Home / Markets / Stock Markets /  Metal stocks rally for 5th day in row; why is there a strong buying in this basket?

Metal stocks outperform the broader markets on Monday with strong buying in heavyweights such as NALCO, Hindalco, Vedanta, and Tata Steel. Metal indices on both BSE and NSE have extended their gains for the fifth consecutive day. There has been strong demand for precious metals in recent days due to a sharp drop in the dollar index. Also, the recent removal of export duty on steel has renewed interest in steel stocks. Further, metal companies are in focus due to their monthly production performance.

In the early deals, the BSE Metal and Nifty Metal index gained by nearly 2% each. While since November 29 to date, BSE Metal climbed by nearly 7%, whereas Nifty Metal jumped over 6%.
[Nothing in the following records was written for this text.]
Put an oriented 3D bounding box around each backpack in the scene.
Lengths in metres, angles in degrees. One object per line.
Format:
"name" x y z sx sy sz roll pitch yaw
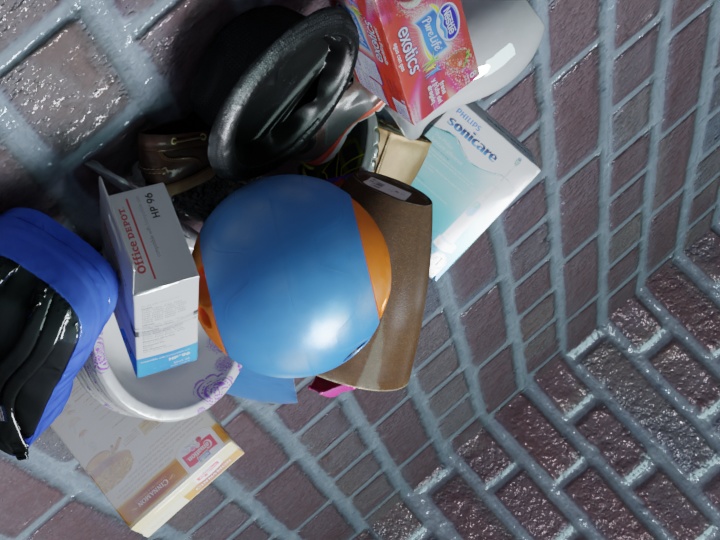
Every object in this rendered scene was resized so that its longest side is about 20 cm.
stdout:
"backpack" -0.323 0.038 1.479 0.200 0.162 0.168 -59 -177 36

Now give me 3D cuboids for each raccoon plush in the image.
"raccoon plush" -0.147 -0.053 1.649 0.200 0.134 0.097 -15 151 -48

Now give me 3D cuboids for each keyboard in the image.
"keyboard" -0.200 -0.059 1.577 0.011 0.056 0.200 -56 144 -3

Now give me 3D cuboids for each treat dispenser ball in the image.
"treat dispenser ball" -0.070 0.006 1.552 0.201 0.201 0.201 -37 161 -15

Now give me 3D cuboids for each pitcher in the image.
"pitcher" 0.107 -0.245 1.805 0.200 0.121 0.172 -40 -171 6

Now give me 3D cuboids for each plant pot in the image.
"plant pot" 0.000 0.000 1.714 0.187 0.187 0.200 -8 122 -59

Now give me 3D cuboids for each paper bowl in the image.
"paper bowl" -0.226 0.060 1.700 0.200 0.201 0.104 -30 -162 -33

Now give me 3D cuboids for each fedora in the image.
"fedora" -0.095 -0.187 1.518 0.201 0.092 0.201 -40 155 -23

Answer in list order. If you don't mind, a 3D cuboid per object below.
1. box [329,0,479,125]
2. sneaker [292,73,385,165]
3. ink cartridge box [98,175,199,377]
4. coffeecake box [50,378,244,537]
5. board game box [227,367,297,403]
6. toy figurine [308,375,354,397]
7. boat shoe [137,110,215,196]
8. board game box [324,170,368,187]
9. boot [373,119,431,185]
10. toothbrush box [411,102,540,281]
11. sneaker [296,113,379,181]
"box" 0.037 -0.256 1.554 0.095 0.100 0.200 -39 143 -13
"sneaker" -0.030 -0.189 1.694 0.082 0.077 0.200 -5 138 -49
"ink cartridge box" -0.203 0.000 1.507 0.068 0.116 0.200 -16 151 -16
"coffeecake box" -0.261 0.185 1.845 0.153 0.200 0.073 -41 161 -4
"board game box" -0.155 0.118 2.050 0.200 0.158 0.039 87 18 -67
"toy figurine" -0.066 0.077 2.025 0.150 0.184 0.200 -42 161 0
"boat shoe" -0.142 -0.140 1.581 0.200 0.070 0.070 -32 120 -44
"board game box" -0.035 -0.009 1.825 0.134 0.045 0.200 -11 124 6
"boot" -0.028 -0.094 1.905 0.175 0.066 0.200 12 112 -31
"toothbrush box" 0.106 -0.112 1.989 0.200 0.146 0.085 -48 -164 15
"sneaker" -0.031 -0.121 1.813 0.084 0.075 0.200 6 115 -12
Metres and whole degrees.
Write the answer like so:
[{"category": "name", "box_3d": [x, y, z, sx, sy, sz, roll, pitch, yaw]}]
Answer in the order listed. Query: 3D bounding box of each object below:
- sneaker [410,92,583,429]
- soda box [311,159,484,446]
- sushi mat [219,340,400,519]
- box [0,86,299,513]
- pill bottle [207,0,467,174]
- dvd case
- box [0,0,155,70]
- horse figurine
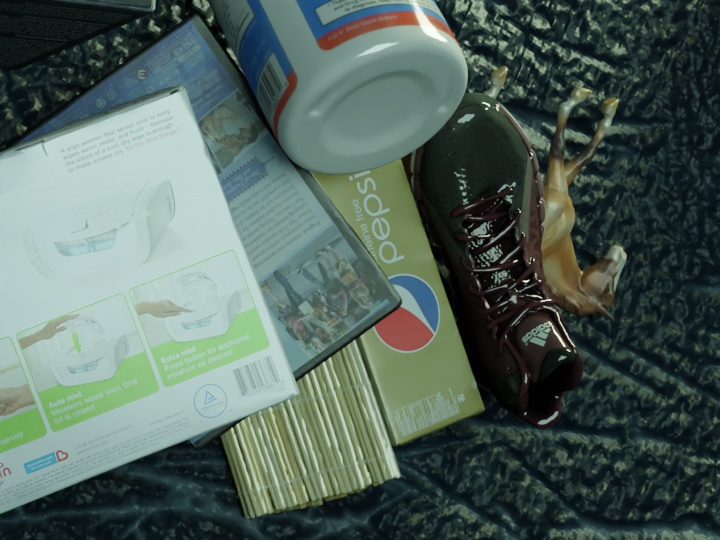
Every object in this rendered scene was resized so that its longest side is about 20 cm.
[{"category": "sneaker", "box_3d": [0.090, 0.003, 1.562, 0.076, 0.116, 0.200, -21, 122, -10]}, {"category": "soda box", "box_3d": [0.000, 0.000, 1.582, 0.064, 0.068, 0.200, -19, 93, -28]}, {"category": "sushi mat", "box_3d": [-0.051, 0.038, 1.552, 0.096, 0.012, 0.200, -18, 93, 12]}, {"category": "box", "box_3d": [-0.158, 0.019, 1.452, 0.200, 0.097, 0.177, -22, 94, -9]}, {"category": "pill bottle", "box_3d": [-0.028, -0.160, 1.523, 0.112, 0.112, 0.200, -8, 55, -28]}, {"category": "dvd case", "box_3d": [-0.090, -0.021, 1.522, 0.143, 0.018, 0.200, -35, 93, -1]}, {"category": "box", "box_3d": [-0.190, -0.194, 1.431, 0.107, 0.200, 0.149, 4, 83, -28]}, {"category": "horse figurine", "box_3d": [0.083, -0.054, 1.635, 0.200, 0.050, 0.133, 13, 96, -34]}]

At around 9.59 am, BSE Metal is trading at 21,020.40 up by 300.16 points or 1.45%. The index has touched an intraday high of 21,138.16, after opening at 20,831.15. Except for APL Apollo, all other metal stocks are on a bull run. On the other hand, markets witnessed profit booking with Sensex and Nifty 50 down by 0.5% each. India's volatility index is up nearly 3%.

NALCO leads the rally with a nearly 4% upside, followed by Hindalco and Vedanta which surged by over 2.6% and 2.15% respectively. Tata Steel, JSW Steel, and SAIL shares soared nearly 2% each. JSPL and Coal India also witnessed notable buying with an upside of nearly a percent.

The dollar index has lost its 105 support levels and fell to its lowest level since June 28 as risk currencies picked up momentum. The dollar has been under pressure after US Federal Reserve Chair Jerome Powell's comment hinted at a less hawkish approach in the forthcoming policies.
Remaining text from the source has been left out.